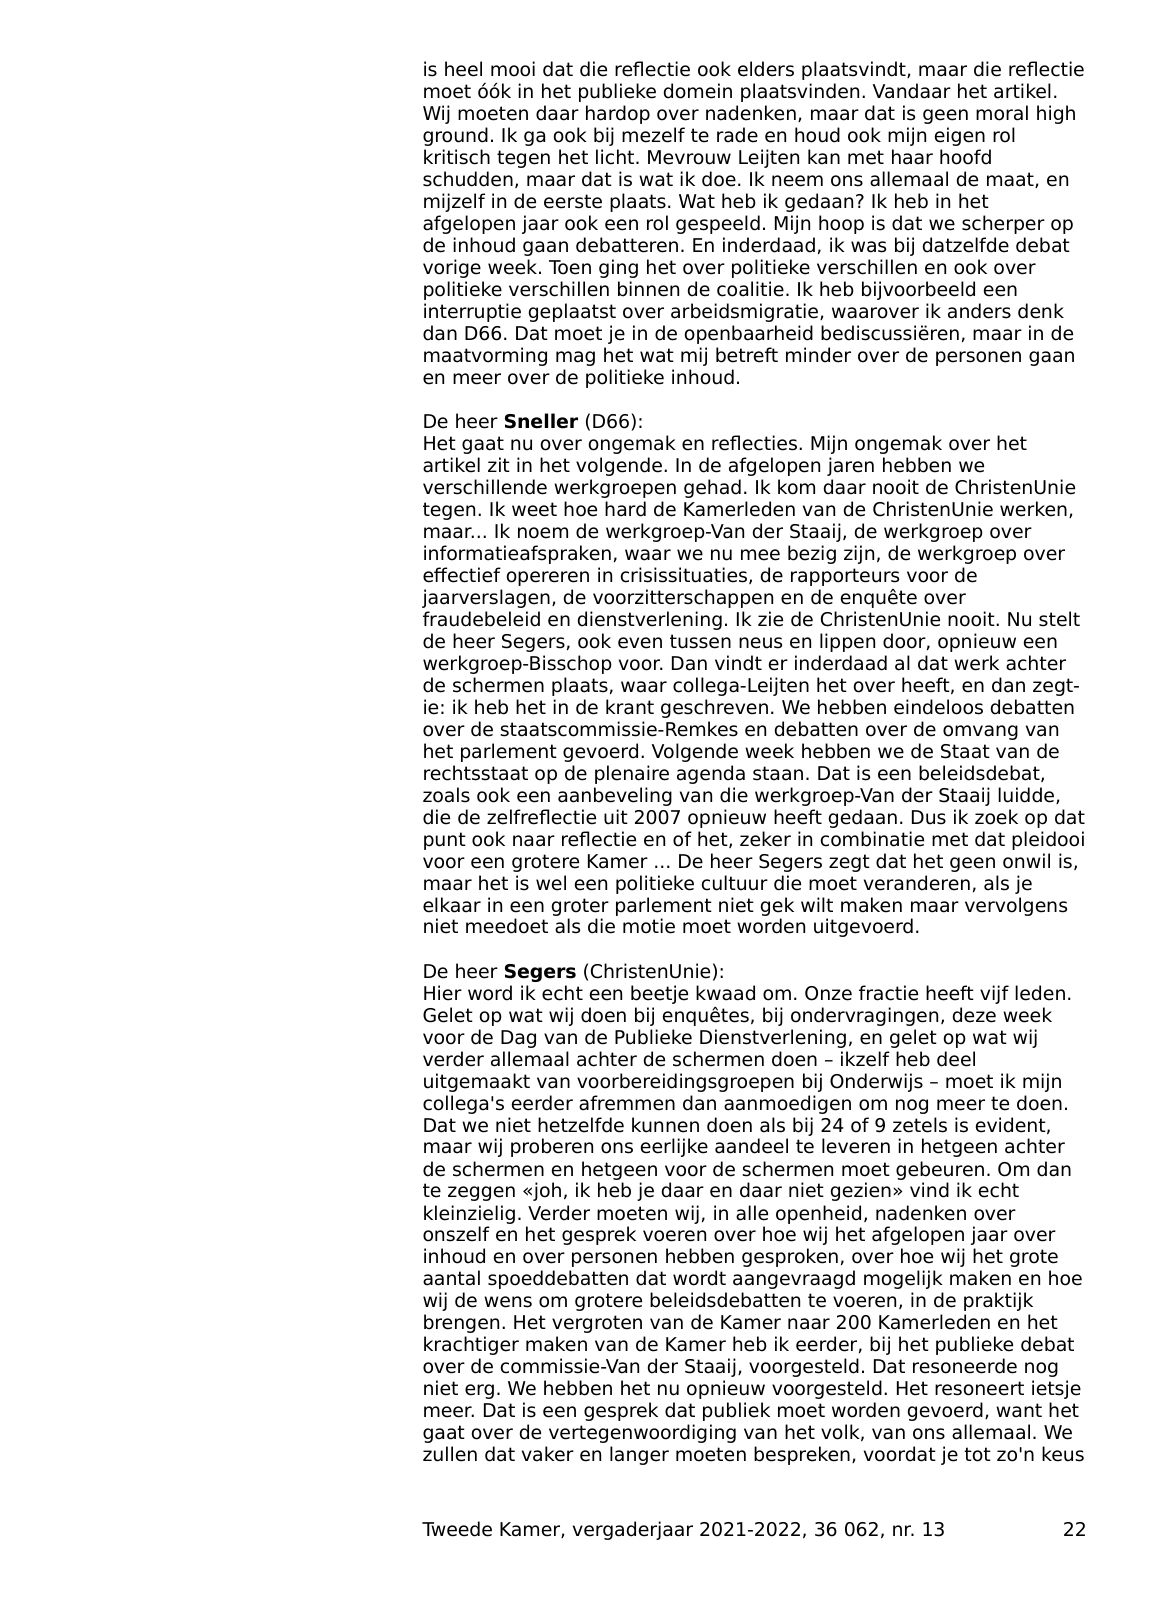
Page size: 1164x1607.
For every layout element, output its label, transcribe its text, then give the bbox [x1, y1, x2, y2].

text De heer Sneller (D66): [422, 411, 1087, 433]
text is heel mooi dat die reflectie ook elders plaatsvindt, maar die reflectie moet óók in het publieke domein plaatsvinden. Vandaar het artikel. Wij moeten daar hardop over nadenken, maar dat is geen moral high ground. Ik ga ook bij mezelf te rade en houd ook mijn eigen rol kritisch tegen het licht. Mevrouw Leijten kan met haar hoofd schudden, maar dat is wat ik doe. Ik neem ons allemaal de maat, en mijzelf in de eerste plaats. Wat heb ik gedaan? Ik heb in het afgelopen jaar ook een rol gespeeld. Mijn hoop is dat we scherper op de inhoud gaan debatteren. En inderdaad, ik was bij datzelfde debat vorige week. Toen ging het over politieke verschillen en ook over politieke verschillen binnen de coalitie. Ik heb bijvoorbeeld een interruptie geplaatst over arbeidsmigratie, waarover ik anders denk dan D66. Dat moet je in de openbaarheid bediscussiëren, maar in de maatvorming mag het wat mij betreft minder over de personen gaan en meer over de politieke inhoud. [422, 59, 1087, 389]
text Het gaat nu over ongemak en reflecties. Mijn ongemak over het artikel zit in het volgende. In de afgelopen jaren hebben we verschillende werkgroepen gehad. Ik kom daar nooit de ChristenUnie tegen. Ik weet hoe hard de Kamerleden van de ChristenUnie werken, maar... Ik noem de werkgroep-Van der Staaij, de werkgroep over informatieafspraken, waar we nu mee bezig zijn, de werkgroep over effectief opereren in crisissituaties, de rapporteurs voor de jaarverslagen, de voorzitterschappen en de enquête over fraudebeleid en dienstverlening. Ik zie de ChristenUnie nooit. Nu stelt de heer Segers, ook even tussen neus en lippen door, opnieuw een werkgroep-Bisschop voor. Dan vindt er inderdaad al dat werk achter de schermen plaats, waar collega-Leijten het over heeft, en dan zegt-ie: ik heb het in de krant geschreven. We hebben eindeloos debatten over de staatscommissie-Remkes en debatten over de omvang van het parlement gevoerd. Volgende week hebben we de Staat van de rechtsstaat op de plenaire agenda staan. Dat is een beleidsdebat, zoals ook een aanbeveling van die werkgroep-Van der Staaij luidde, die de zelfreflectie uit 2007 opnieuw heeft gedaan. Dus ik zoek op dat punt ook naar reflectie en of het, zeker in combinatie met dat pleidooi voor een grotere Kamer ... De heer Segers zegt dat het geen onwil is, maar het is wel een politieke cultuur die moet veranderen, als je elkaar in een groter parlement niet gek wilt maken maar vervolgens niet meedoet als die motie moet worden uitgevoerd. [422, 433, 1087, 938]
text Hier word ik echt een beetje kwaad om. Onze fractie heeft vijf leden. Gelet op wat wij doen bij enquêtes, bij ondervragingen, deze week voor de Dag van de Publieke Dienstverlening, en gelet op wat wij verder allemaal achter de schermen doen – ikzelf heb deel uitgemaakt van voorbereidingsgroepen bij Onderwijs – moet ik mijn collega's eerder afremmen dan aanmoedigen om nog meer te doen. Dat we niet hetzelfde kunnen doen als bij 24 of 9 zetels is evident, maar wij proberen ons eerlijke aandeel te leveren in hetgeen achter de schermen en hetgeen voor de schermen moet gebeuren. Om dan te zeggen «joh, ik heb je daar en daar niet gezien» vind ik echt kleinzielig. Verder moeten wij, in alle openheid, nadenken over onszelf en het gesprek voeren over hoe wij het afgelopen jaar over inhoud en over personen hebben gesproken, over hoe wij het grote aantal spoeddebatten dat wordt aangevraagd mogelijk maken en hoe wij de wens om grotere beleidsdebatten te voeren, in de praktijk brengen. Het vergroten van de Kamer naar 200 Kamerleden en het krachtiger maken van de Kamer heb ik eerder, bij het publieke debat over de commissie-Van der Staaij, voorgesteld. Dat resoneerde nog niet erg. We hebben het nu opnieuw voorgesteld. Het resoneert ietsje meer. Dat is een gesprek dat publiek moet worden gevoerd, want het gaat over de vertegenwoordiging van het volk, van ons allemaal. We zullen dat vaker en langer moeten bespreken, voordat je tot zo'n keus [422, 983, 1087, 1466]
text De heer Segers (ChristenUnie): [422, 961, 1087, 983]

Aim of the task: Reproduce only the lines running from the beginning of the entries above to the line holding "text De heer Sneller", inclusive. Pictures stay out of the copy.

Output for this exercise:
Page size: 1164x1607.
For every layout element, output its label, transcribe its text, then give the bbox [x1, y1, x2, y2].

text De heer Sneller (D66): [422, 411, 1087, 433]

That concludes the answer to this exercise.